The last time I took this road was with my adventure-loving mother and we drove into the dark in a loaded Kombi whose petrol warning light flickered all the way from Laingsburg to a lonely Ladismith, where we rolled into a garage on the fumes of 87 Octane. (Leaded.)
Now we have lots of fuel but also an army truck driven by a soldier whose pants are clearly on fire. We pass him on the uphills. He rattles past on the downhills. Never give a bored soldier any piece of equipment that you want to keep in good shape.
He passes us one last time, on the Huisrivier Pass near Calitzdorp. It's raining now and the road is slick and I am not surprised, as the Samil roars past on a tight bend, to see him drift over the line.
I wonder if the driver in the oncoming bakkie needed a change of underwear.
The rain follows us to Calitzdorp where we spend the night in the old railway station and race the handcars up and down the tracks.
The new day brings two more passes. The first - the Outeniqua over the eponymous mountain range - is shrouded in mist and scavenged by trucks. But the second - the 74km gravel rollercoaster named for Prince Alfred - is why we came in the first place.
Never mind the logging trucks and the little saloon picking its way over the rough bits like an old codger at the beach, our happiness swoops with every bend, every glimpse of old yellowwoods reaching for the sky.
At Spitskop, we stop to admire the view of the deep, wooded valleys from the same spot where an Italian silk spinner named Giuseppe Sciociatti once kept watch for forest fires.
Then it's up and over, off the dirt and through the dorps of Avontuur and Uniondale, making time to Graaff-Reinet. That night we eat ostrich fillets at The Coldstream and later fall in among farmers at the Graaff-Reinet Club. They welcome us with good cheer and the drinks flow nicely.
They all like the idea about the travelling radio station. But, no, not the jackals.

ROADSIDE ATTRACTIONS
SUTHERLAND
The South African Astronomical Observatory - site of the Large Telescope - is a fascinating diversion. Tours R60pp.

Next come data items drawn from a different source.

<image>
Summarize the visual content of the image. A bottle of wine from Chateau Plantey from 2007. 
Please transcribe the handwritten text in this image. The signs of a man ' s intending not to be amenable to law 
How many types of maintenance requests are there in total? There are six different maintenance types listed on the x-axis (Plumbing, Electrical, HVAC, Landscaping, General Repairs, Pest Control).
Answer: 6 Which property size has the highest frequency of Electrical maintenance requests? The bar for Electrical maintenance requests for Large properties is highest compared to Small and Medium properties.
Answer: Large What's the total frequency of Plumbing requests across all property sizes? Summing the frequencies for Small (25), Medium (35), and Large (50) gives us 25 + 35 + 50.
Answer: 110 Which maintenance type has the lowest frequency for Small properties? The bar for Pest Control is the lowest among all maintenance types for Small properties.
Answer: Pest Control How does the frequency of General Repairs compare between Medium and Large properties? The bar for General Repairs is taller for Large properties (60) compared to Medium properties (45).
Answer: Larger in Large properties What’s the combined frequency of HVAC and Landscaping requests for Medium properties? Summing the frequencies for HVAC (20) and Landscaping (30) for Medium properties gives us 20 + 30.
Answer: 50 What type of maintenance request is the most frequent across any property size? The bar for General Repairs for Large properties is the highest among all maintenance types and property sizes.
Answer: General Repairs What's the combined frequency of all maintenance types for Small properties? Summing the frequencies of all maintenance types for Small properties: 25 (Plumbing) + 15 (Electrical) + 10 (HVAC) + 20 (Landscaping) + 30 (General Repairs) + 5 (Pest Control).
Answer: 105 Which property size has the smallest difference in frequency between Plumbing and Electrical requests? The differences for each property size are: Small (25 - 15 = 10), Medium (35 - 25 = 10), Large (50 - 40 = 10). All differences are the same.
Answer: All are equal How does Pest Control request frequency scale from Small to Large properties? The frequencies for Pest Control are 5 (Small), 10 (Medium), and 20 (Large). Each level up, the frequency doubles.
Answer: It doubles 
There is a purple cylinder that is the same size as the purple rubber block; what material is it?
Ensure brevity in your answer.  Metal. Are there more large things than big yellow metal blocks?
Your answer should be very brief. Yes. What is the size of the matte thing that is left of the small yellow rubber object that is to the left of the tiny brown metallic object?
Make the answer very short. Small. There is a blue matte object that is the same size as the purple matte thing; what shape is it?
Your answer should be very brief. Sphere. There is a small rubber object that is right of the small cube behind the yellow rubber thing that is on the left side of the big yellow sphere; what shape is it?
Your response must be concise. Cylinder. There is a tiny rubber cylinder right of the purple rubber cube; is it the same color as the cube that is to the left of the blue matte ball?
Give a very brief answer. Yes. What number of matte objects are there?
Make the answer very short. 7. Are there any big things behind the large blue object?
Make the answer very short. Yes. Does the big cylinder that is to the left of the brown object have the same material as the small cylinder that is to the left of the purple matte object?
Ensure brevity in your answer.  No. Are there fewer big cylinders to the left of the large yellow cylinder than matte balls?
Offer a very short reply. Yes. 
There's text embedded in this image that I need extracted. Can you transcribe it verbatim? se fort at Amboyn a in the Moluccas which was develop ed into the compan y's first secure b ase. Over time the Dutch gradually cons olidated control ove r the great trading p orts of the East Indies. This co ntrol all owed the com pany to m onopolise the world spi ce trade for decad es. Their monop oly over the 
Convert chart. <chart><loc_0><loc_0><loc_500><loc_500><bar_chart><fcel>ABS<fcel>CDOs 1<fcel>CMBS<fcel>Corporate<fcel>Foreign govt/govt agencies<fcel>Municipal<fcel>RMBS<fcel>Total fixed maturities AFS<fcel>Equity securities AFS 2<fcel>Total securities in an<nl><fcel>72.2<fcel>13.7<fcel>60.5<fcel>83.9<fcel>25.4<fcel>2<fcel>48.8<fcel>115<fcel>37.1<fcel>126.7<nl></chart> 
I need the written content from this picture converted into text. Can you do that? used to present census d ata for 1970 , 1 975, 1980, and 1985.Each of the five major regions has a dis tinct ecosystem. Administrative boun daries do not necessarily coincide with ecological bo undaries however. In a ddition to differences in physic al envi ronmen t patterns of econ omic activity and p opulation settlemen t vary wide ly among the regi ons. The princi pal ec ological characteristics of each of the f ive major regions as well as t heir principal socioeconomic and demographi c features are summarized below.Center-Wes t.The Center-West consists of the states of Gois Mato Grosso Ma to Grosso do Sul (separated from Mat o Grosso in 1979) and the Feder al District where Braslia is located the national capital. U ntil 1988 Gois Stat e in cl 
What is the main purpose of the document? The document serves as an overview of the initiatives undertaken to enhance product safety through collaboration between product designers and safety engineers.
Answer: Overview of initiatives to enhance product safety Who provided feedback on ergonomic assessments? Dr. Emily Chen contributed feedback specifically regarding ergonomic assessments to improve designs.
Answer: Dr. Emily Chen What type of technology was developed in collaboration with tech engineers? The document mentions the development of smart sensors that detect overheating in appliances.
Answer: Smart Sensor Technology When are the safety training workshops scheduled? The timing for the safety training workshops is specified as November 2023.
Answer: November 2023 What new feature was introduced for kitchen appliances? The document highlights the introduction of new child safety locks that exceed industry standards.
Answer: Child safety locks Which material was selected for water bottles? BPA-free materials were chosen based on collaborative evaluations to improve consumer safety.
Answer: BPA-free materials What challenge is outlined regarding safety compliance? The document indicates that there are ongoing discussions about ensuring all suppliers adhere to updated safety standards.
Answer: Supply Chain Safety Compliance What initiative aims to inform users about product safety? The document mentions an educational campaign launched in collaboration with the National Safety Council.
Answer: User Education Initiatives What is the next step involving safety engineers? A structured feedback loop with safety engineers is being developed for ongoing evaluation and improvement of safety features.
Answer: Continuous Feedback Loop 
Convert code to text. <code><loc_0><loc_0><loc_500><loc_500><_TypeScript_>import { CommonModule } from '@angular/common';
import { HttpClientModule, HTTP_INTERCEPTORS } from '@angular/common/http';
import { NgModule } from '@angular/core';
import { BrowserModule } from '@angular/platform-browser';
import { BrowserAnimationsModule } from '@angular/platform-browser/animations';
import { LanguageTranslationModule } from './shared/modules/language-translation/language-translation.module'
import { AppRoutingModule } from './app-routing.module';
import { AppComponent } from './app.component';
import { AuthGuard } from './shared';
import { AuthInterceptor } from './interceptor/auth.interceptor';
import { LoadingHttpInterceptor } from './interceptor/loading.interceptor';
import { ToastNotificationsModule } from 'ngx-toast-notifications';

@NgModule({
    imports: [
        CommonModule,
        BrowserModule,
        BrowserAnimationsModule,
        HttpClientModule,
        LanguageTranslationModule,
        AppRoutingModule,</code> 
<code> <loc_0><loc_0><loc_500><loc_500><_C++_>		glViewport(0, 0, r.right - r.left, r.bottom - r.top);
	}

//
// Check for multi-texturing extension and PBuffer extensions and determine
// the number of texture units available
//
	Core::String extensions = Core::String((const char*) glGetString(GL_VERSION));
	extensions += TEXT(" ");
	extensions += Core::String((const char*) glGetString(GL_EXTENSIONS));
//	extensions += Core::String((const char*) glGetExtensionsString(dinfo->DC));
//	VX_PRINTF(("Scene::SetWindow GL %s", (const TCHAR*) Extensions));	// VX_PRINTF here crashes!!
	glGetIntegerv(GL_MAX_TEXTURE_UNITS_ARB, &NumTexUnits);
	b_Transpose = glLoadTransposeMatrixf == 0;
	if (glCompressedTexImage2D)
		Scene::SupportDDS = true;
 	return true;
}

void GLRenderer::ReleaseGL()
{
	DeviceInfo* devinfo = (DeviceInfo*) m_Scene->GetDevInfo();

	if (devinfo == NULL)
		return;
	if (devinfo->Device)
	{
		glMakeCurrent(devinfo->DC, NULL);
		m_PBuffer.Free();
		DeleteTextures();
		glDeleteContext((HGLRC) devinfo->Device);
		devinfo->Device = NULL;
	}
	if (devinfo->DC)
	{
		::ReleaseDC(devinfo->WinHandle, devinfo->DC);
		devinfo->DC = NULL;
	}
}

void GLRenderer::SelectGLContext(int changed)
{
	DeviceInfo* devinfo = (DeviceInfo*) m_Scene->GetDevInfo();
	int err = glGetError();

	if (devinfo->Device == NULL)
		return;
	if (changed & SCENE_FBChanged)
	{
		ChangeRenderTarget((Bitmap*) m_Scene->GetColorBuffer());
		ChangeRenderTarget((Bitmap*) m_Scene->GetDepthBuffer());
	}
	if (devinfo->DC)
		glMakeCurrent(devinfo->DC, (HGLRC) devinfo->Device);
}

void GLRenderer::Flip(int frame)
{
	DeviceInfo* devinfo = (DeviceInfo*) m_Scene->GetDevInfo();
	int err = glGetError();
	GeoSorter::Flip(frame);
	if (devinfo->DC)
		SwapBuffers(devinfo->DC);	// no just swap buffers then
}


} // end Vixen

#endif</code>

Local resident Jurg Wagenar offers private stargazing with powerful telescopes at his home outside town. I finally got to see what Alpha Centauri reallylooks like. R120pp. Visit discoversutherland.co.za
MATJIESFONTEIN
Apart from its lovely old buildings, the transport museum here - a fine collection of vintage and classic cars, a well-kept steam locomotive and a couple of wooden railway coaches from the 1920s - is also a worthwhile detour.

GRAAFF-REINET
The Valley of Desolation, Camdeboo National Park. A spectacular viewpoint looking over the plains of the Camdeboo. Go as early as you can to get the morning sun on the rocks. R35pp.
CALITZDORP
Converted into a backpackers when the railway closed, the town's station has a private bar and two hand-pump cars of the kind that railwaymen once used to inspect the tracks. There are not many places in the world where you can sleep in an old ticket office.
KNYSNA
The King Edward VII tree, a 700-year-old Outeniqua yellowwood - one of the oldest of its kind - towers 40m off the forest floor. 17km from Knysna on the Prince Alfred Pass road (R339).